▸ **Task description**: Check every line of the data below for the word "Units". Copy the ones that have it.

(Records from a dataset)
##########

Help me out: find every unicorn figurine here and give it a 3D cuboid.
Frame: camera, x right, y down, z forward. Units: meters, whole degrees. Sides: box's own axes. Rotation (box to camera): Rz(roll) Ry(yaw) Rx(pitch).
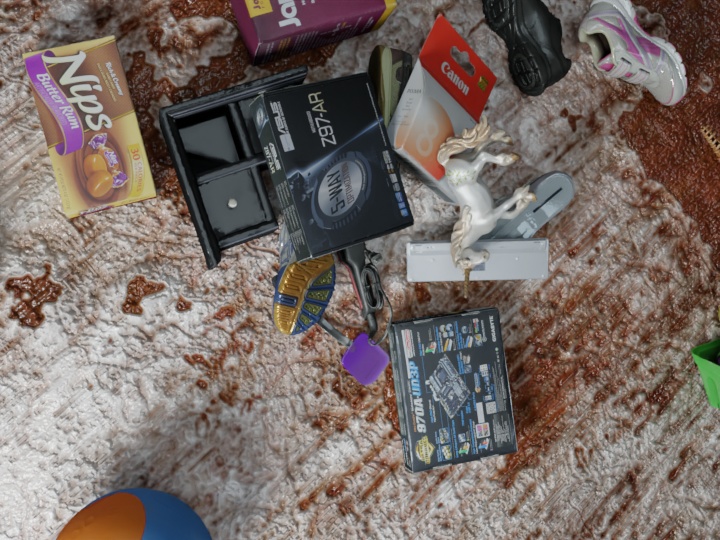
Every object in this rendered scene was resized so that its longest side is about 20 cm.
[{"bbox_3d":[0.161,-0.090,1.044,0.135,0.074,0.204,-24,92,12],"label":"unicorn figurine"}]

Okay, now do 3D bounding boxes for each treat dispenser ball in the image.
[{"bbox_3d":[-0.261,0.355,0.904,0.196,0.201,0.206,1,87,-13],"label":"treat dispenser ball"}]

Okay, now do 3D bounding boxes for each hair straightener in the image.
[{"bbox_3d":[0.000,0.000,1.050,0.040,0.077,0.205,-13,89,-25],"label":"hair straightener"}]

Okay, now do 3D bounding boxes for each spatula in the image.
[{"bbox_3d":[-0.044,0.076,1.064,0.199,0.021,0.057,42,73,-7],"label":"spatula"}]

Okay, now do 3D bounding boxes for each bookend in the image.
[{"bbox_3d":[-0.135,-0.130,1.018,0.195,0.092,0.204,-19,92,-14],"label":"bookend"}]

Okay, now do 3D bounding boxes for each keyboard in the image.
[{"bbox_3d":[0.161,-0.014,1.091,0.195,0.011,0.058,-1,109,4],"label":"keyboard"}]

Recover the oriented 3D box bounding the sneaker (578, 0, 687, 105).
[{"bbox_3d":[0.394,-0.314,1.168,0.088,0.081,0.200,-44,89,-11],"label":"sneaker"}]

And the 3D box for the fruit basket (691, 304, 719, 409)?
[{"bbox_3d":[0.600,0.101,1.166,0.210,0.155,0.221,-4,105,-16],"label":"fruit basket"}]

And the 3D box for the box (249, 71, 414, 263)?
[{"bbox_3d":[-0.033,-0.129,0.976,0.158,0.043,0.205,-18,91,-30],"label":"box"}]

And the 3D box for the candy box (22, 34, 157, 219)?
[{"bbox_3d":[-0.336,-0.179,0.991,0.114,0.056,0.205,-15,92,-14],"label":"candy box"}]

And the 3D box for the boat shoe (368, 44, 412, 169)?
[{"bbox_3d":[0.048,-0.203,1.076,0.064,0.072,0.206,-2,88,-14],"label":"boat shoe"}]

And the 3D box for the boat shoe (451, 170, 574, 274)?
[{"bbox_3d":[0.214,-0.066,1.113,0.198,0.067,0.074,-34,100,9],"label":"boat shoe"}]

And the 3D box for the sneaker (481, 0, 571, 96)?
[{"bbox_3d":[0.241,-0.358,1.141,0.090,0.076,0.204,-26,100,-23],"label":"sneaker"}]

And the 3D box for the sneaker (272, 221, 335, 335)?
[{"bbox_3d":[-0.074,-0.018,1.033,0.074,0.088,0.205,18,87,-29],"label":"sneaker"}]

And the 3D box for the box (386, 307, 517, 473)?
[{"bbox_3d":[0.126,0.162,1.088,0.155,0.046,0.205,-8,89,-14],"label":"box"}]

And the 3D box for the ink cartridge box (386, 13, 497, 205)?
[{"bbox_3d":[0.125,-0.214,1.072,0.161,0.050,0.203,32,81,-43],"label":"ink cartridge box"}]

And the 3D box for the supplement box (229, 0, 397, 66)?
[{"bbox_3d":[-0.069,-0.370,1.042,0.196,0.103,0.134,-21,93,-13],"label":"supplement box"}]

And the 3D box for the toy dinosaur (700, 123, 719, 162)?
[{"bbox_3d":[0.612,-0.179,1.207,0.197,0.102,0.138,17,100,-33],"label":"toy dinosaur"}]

##########

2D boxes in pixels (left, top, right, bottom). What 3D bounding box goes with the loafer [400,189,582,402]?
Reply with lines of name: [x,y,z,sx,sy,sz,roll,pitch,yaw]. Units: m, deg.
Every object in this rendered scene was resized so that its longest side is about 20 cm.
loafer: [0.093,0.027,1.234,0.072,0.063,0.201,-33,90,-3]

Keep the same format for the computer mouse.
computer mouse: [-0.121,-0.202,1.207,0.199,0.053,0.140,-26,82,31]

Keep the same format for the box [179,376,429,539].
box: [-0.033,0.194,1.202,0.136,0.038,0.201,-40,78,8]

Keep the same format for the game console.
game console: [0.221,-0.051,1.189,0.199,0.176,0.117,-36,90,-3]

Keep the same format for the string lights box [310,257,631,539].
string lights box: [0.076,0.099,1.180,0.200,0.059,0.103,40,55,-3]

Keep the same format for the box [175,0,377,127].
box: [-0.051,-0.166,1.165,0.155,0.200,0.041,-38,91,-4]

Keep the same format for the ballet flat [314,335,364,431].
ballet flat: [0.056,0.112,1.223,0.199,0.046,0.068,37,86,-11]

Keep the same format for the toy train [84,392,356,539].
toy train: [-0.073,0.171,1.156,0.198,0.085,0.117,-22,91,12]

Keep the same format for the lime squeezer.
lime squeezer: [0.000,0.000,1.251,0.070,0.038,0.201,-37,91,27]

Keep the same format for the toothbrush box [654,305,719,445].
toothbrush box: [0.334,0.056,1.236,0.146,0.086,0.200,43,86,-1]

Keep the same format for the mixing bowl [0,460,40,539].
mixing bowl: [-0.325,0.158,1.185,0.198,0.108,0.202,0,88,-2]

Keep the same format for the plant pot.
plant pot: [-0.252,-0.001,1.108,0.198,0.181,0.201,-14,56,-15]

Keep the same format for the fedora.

##########

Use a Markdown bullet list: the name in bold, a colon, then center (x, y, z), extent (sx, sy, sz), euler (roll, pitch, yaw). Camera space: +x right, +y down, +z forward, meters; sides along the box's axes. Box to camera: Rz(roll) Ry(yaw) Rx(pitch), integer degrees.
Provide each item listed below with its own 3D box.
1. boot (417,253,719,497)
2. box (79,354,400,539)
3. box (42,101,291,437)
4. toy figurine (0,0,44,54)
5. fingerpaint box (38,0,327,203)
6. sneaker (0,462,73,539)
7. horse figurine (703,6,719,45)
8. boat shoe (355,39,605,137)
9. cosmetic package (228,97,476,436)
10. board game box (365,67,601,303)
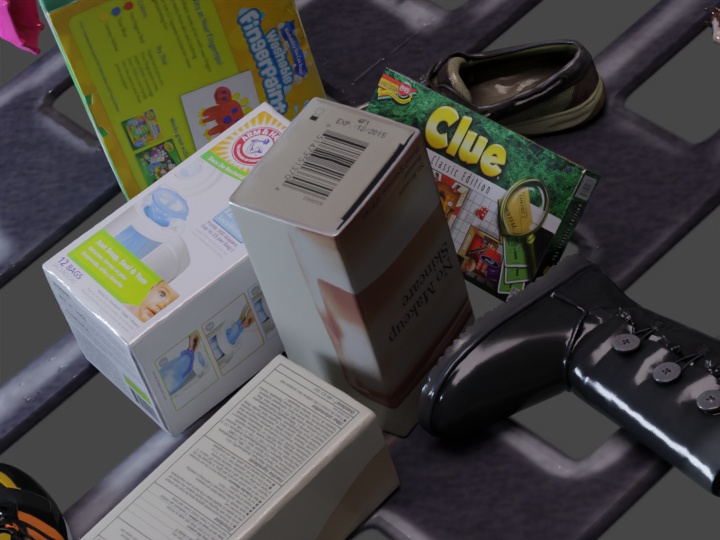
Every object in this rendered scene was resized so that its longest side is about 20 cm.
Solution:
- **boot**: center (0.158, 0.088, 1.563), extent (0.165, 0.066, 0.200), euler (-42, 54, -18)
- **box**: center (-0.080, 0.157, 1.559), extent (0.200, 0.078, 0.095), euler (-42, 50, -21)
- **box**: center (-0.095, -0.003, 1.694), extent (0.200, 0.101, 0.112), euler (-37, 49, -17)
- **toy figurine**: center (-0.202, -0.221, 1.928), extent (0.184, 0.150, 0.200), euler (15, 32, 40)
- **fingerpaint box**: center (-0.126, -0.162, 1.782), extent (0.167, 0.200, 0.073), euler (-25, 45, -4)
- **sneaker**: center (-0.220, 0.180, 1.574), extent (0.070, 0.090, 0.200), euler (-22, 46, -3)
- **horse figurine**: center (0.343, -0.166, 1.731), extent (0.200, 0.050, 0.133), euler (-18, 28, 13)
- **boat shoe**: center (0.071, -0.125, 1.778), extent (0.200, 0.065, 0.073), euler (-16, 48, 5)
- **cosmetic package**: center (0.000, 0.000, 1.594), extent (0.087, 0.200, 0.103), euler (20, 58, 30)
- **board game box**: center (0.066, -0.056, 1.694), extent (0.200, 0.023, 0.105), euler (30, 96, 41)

##########

▸ **Completed exercise**:
Frame: camera, x right, y down, z forward. Units: meters, whole degrees. Sides: box's own axes. Rotation (box to camera): Rz(roll) Ry(yaw) Rx(pitch).
Reply with lines of name: [x,y,z,sx,sy,sz,roll,pitch,yaw]. Units: m, deg.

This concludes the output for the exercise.